La redécouverte de la rhétorique, par les intellectuels comme Kenneth Burke mais aussi par les professionnels
de la communication (publicité, médias, politique, etc.), permit de redécouvrir les textes classiques et toute la
richesse et les techniques de cet art oratoire. Pour Jean-Jacques Robrieux, la « société du savoir » et de la
communication y est pour beaucoup, le locuteur du XXe siècle a en effet « un besoin d’expression [et] de
décoder des messages de plus en plus complexes ».
Les termes « rhétorique » ou « sophistique » (qui lui est souvent, par méconnaissance, associé) sont souvent
utilisés de nos jours avec un sens péjoratif, quand le locuteur souhaite opposer les paroles creuses à l’action,
ou séparer l’information de la désinformation, de la propagande, ou encore pour qualifier des formes
douteuses de discours pseudo-argumentatif. Il est ainsi courant d’entendre que tel politicien « fait de la
rhétorique ». Michel Meyer résume ainsi la représentation de la discipline dans l’esprit commun : « Le sophiste
est l’antithèse du philosophe comme la rhétorique est le contraire de la pensée juste ». Jean-Jacques Robrieux
explique lui que l’usage du terme est souvent en usage pour « dévaloriser des modes d’expressions affectés,
ampoulés ou artificiels ». La rhétorique est ainsi vue traditionnellement comme l’apanage de la démagogie, du
discours politique, de la publicité ou du marketing.

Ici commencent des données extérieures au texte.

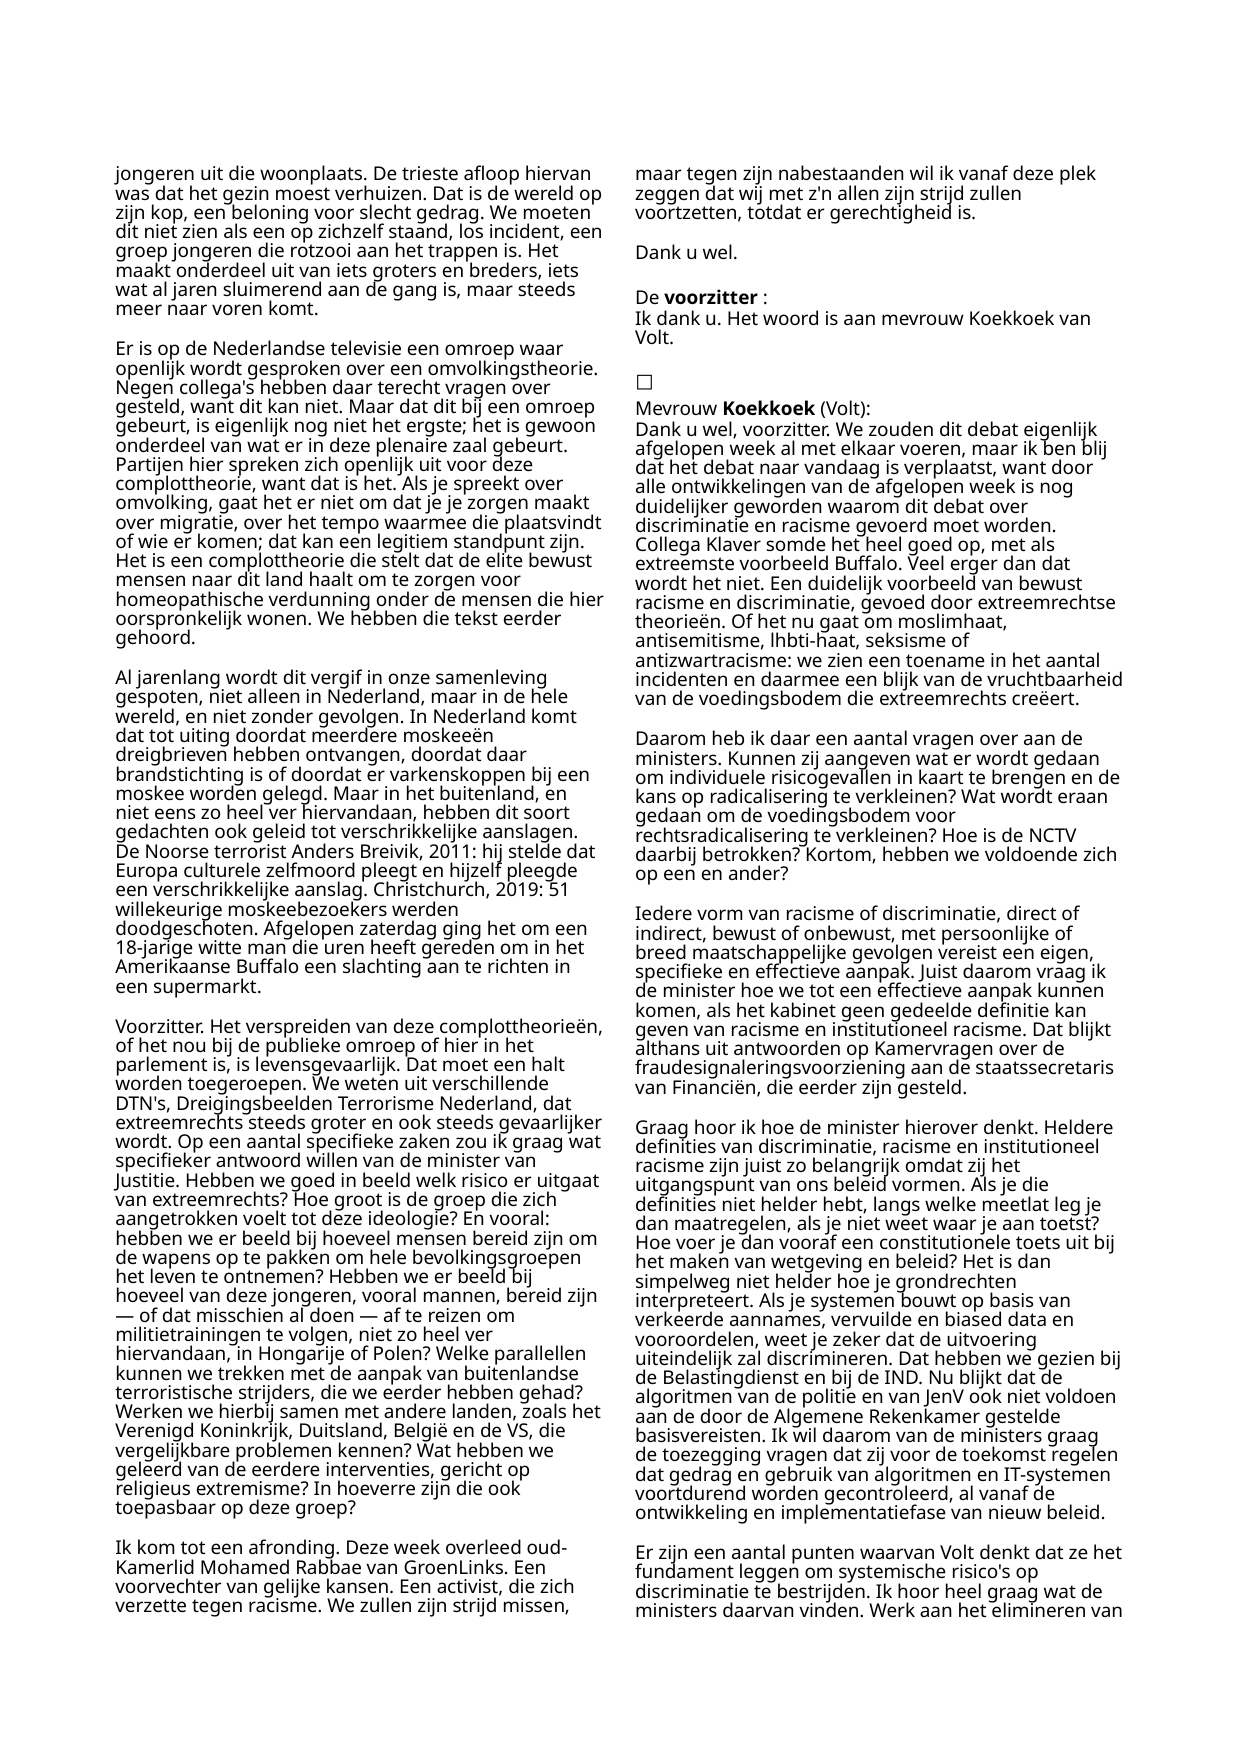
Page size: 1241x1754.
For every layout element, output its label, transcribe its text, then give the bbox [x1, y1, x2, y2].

text Dank u wel, voorzitter. We zouden dit debat eigenlijk afgelopen week al met elkaar voeren, maar ik ben blij dat het debat naar vandaag is verplaatst, want door alle ontwikkelingen van de afgelopen week is nog duidelijker geworden waarom dit debat over discriminatie en racisme gevoerd moet worden. Collega Klaver somde het heel goed op, met als extreemste voorbeeld Buffalo. Veel erger dan dat wordt het niet. Een duidelijk voorbeeld van bewust racisme en discriminatie, gevoed door extreemrechtse theorieën. Of het nu gaat om moslimhaat, antisemitisme, lhbti-haat, seksisme of antizwartracisme: we zien een toename in het aantal incidenten en daarmee een blijk van de vruchtbaarheid van de voedingsbodem die extreemrechts creëert. [635, 421, 1125, 709]
text jongeren uit die woonplaats. De trieste afloop hiervan was dat het gezin moest verhuizen. Dat is de wereld op zijn kop, een beloning voor slecht gedrag. We moeten dit niet zien als een op zichzelf staand, los incident, een groep jongeren die rotzooi aan het trappen is. Het maakt onderdeel uit van iets groters en breders, iets wat al jaren sluimerend aan de gang is, maar steeds meer naar voren komt. [115, 165, 605, 319]
text Iedere vorm van racisme of discriminatie, direct of indirect, bewust of onbewust, met persoonlijke of breed maatschappelijke gevolgen vereist een eigen, specifieke en effectieve aanpak. Juist daarom vraag ik de minister hoe we tot een effectieve aanpak kunnen komen, als het kabinet geen gedeelde definitie kan geven van racisme en institutioneel racisme. Dat blijkt althans uit antwoorden op Kamervragen over de fraudesignaleringsvoorziening aan de staatssecretaris van Financiën, die eerder zijn gesteld. [635, 905, 1125, 1098]
text De voorzitter : [635, 284, 1125, 310]
text Graag hoor ik hoe de minister hierover denkt. Heldere definities van discriminatie, racisme en institutioneel racisme zijn juist zo belangrijk omdat zij het uitgangspunt van ons beleid vormen. Als je die definities niet helder hebt, langs welke meetlat leg je dan maatregelen, als je niet weet waar je aan toetst? Hoe voer je dan vooraf een constitutionele toets uit bij het maken van wetgeving en beleid? Het is dan simpelweg niet helder hoe je grondrechten interpreteert. Als je systemen bouwt op basis van verkeerde aannames, vervuilde en biased data en vooroordelen, weet je zeker dat de uitvoering uiteindelijk zal discrimineren. Dat hebben we gezien bij de Belastingdienst en bij de IND. Nu blijkt dat de algoritmen van de politie en van JenV ook niet voldoen aan de door de Algemene Rekenkamer gestelde basisvereisten. Ik wil daarom van de ministers graag de toezegging vragen dat zij voor de toekomst regelen dat gedrag en gebruik van algoritmen en IT-systemen voortdurend worden gecontroleerd, al vanaf de ontwikkeling en implementatiefase van nieuw beleid. [635, 1119, 1125, 1523]
text Er is op de Nederlandse televisie een omroep waar openlijk wordt gesproken over een omvolkingstheorie. Negen collega's hebben daar terecht vragen over gesteld, want dit kan niet. Maar dat dit bij een omroep gebeurt, is eigenlijk nog niet het ergste; het is gewoon onderdeel van wat er in deze plenaire zaal gebeurt. Partijen hier spreken zich openlijk uit voor deze complottheorie, want dat is het. Als je spreekt over omvolking, gaat het er niet om dat je je zorgen maakt over migratie, over het tempo waarmee die plaatsvindt of wie er komen; dat kan een legitiem standpunt zijn. Het is een complottheorie die stelt dat de elite bewust mensen naar dit land haalt om te zorgen voor homeopathische verdunning onder de mensen die hier oorspronkelijk wonen. We hebben die tekst eerder gehoord. [115, 340, 605, 648]
text Daarom heb ik daar een aantal vragen over aan de ministers. Kunnen zij aangeven wat er wordt gedaan om individuele risicogevallen in kaart te brengen en de kans op radicalisering te verkleinen? Wat wordt eraan gedaan om de voedingsbodem voor rechtsradicalisering te verkleinen? Hoe is de NCTV daarbij betrokken? Kortom, hebben we voldoende zich op een en ander? [635, 730, 1125, 884]
text Er zijn een aantal punten waarvan Volt denkt dat ze het fundament leggen om systemische risico's op discriminatie te bestrijden. Ik hoor heel graag wat de ministers daarvan vinden. Werk aan het elimineren van [635, 1544, 1125, 1621]
text Ik dank u. Het woord is aan mevrouw Koekkoek van Volt. [635, 310, 1125, 348]
text Voorzitter. Het verspreiden van deze complottheorieën, of het nou bij de publieke omroep of hier in het parlement is, is levensgevaarlijk. Dat moet een halt worden toegeroepen. We weten uit verschillende DTN's, Dreigingsbeelden Terrorisme Nederland, dat extreemrechts steeds groter en ook steeds gevaarlijker wordt. Op een aantal specifieke zaken zou ik graag wat specifieker antwoord willen van de minister van Justitie. Hebben we goed in beeld welk risico er uitgaat van extreemrechts? Hoe groot is de groep die zich aangetrokken voelt tot deze ideologie? En vooral: hebben we er beeld bij hoeveel mensen bereid zijn om de wapens op te pakken om hele bevolkingsgroepen het leven te ontnemen? Hebben we er beeld bij hoeveel van deze jongeren, vooral mannen, bereid zijn — of dat misschien al doen — af te reizen om militietrainingen te volgen, niet zo heel ver hiervandaan, in Hongarije of Polen? Welke parallellen kunnen we trekken met de aanpak van buitenlandse terroristische strijders, die we eerder hebben gehad? Werken we hierbij samen met andere landen, zoals het Verenigd Koninkrijk, Duitsland, België en de VS, die vergelijkbare problemen kennen? Wat hebben we geleerd van de eerdere interventies, gericht op religieus extremisme? In hoeverre zijn die ook toepasbaar op deze groep? [115, 1018, 605, 1519]
text Ik kom tot een afronding. Deze week overleed oud- Kamerlid Mohamed Rabbae van GroenLinks. Een voorvechter van gelijke kansen. Een activist, die zich verzette tegen racisme. We zullen zijn strijd missen, [115, 1539, 605, 1616]
text Al jarenlang wordt dit vergif in onze samenleving gespoten, niet alleen in Nederland, maar in de hele wereld, en niet zonder gevolgen. In Nederland komt dat tot uiting doordat meerdere moskeeën dreigbrieven hebben ontvangen, doordat daar brandstichting is of doordat er varkenskoppen bij een moskee worden gelegd. Maar in het buitenland, en niet eens zo heel ver hiervandaan, hebben dit soort gedachten ook geleid tot verschrikkelijke aanslagen. De Noorse terrorist Anders Breivik, 2011: hij stelde dat Europa culturele zelfmoord pleegt en hijzelf pleegde een verschrikkelijke aanslag. Christchurch, 2019: 51 willekeurige moskeebezoekers werden doodgeschoten. Afgelopen zaterdag ging het om een 18-jarige witte man die uren heeft gereden om in het Amerikaanse Buffalo een slachting aan te richten in een supermarkt. [115, 669, 605, 997]
text maar tegen zijn nabestaanden wil ik vanaf deze plek zeggen dat wij met z'n allen zijn strijd zullen voortzetten, totdat er gerechtigheid is. [635, 165, 1125, 223]
text ⬜ [635, 369, 1125, 395]
text Mevrouw Koekkoek (Volt): [635, 395, 1125, 421]
text Dank u wel. [635, 244, 1125, 263]

1.4 Rhétorique et argumentation
La confusion entre la rhétorique comme art de l’éloquence, mise en œuvre de techniques de séduction au
moyen du langage, et l’argumentation comme déroulement d’un raisonnement, existe depuis les débuts de la
discipline. Souvent confondue avec la dialectique, l’argumentation met « en œuvre un raisonnement dans une
situation de communication » selon Philippe Breton. La dialectique (étymologiquement, l’» art de la
discussion »), ancien terme pour désigner le champ argumentatif, était en effet subordonnée à la rhétorique.
Le philosophe grec de l’Antiquité Zénon d’Élée comparait ainsi la dialectique, technique du dialogue, à un
« poing fermé » alors que la rhétorique lui paraissait semblable à une « main ouverte ». L’orateur romain
Cicéron explique ainsi que « L’argumentation devra s’élever en proportion de la grandeur du sujet ». Pourtant,
les différences tant théoriques que d’usages sont nombreuses.
Pour Michel Meyer, la différence principale tient au fait que « la rhétorique aborde la question par le biais de la
réponse, la présentant comme disparue, donc résolue, tandis que l’argumentation part de la question même,
qu’elle explicite pour arriver à ce qui résout la différence, le différend, entre les individus ». La publicité est à ce
sujet éclairante : il s’agit, par la rhétorique, de plaire sans forcément démontrer le bien-fondé d’un produit,
alors que le milieu juridique, au tribunal, lui, use d’argumentation pour « manifester la vérité ». Une autre
différence notable tient aux buts des deux disciplines. Si l’argumentation recherche la vérité (dans la
démonstration mathématique par exemple), la rhétorique cherche avant tout le vraisemblable. Aristote
explique en effet le premier que « le propre de la rhétorique, c’est de reconnaître ce qui est probable et ce qui
n’a que l’apparence de la probabilité ». De là vient l’image quelque peu péjorative, synonyme de « discours
fallacieux », que véhicule l’art rhétorique depuis ses débuts, notamment au sein de la sphère politique. Or, l’art
oratoire ne s’occupe que de l’opinion (doxa) selon Joëlle Gardes-Tamine.